## DATA IN THIS EXERCISE

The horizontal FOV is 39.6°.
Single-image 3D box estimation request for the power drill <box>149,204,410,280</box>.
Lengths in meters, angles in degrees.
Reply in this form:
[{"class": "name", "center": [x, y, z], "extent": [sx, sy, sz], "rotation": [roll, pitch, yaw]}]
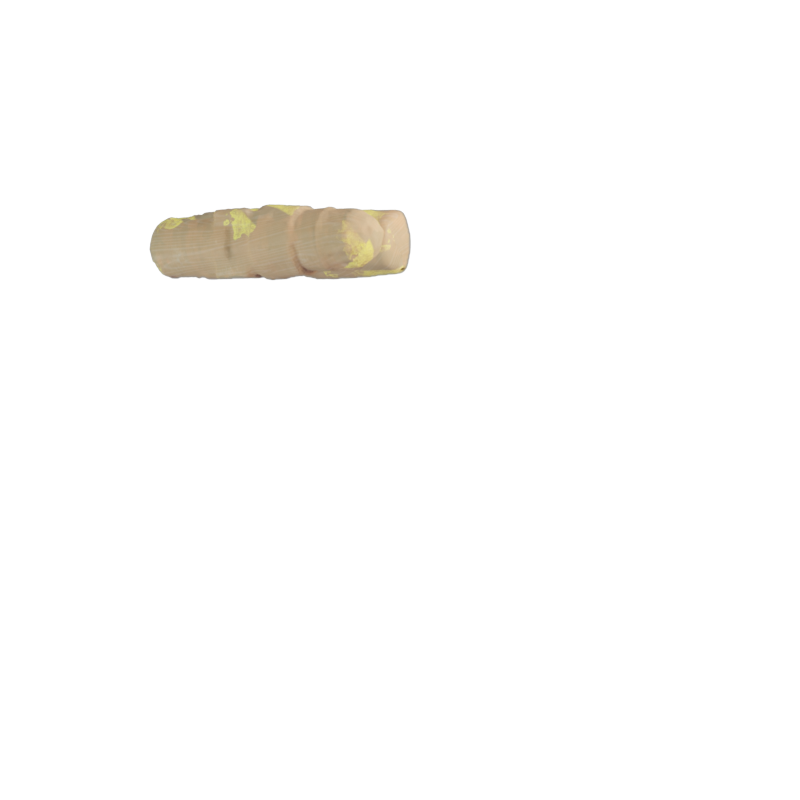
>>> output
[{"class": "power drill", "center": [-0.065, -0.119, 0.834], "extent": [0.191, 0.057, 0.182], "rotation": [3, 6, 29]}]

## EXERCISE GOAL
Please set down each entry word for word, without its images.

## TASK RESPONSE
The horizontal FOV is 39.6°.
Single-image 3D box estimation request for the power drill <box>149,204,410,280</box>.
Lengths in meters, angles in degrees.
Reply in this form:
[{"class": "name", "center": [x, y, z], "extent": [sx, sy, sz], "rotation": [roll, pitch, yaw]}]
>>> output
[{"class": "power drill", "center": [-0.065, -0.119, 0.834], "extent": [0.191, 0.057, 0.182], "rotation": [3, 6, 29]}]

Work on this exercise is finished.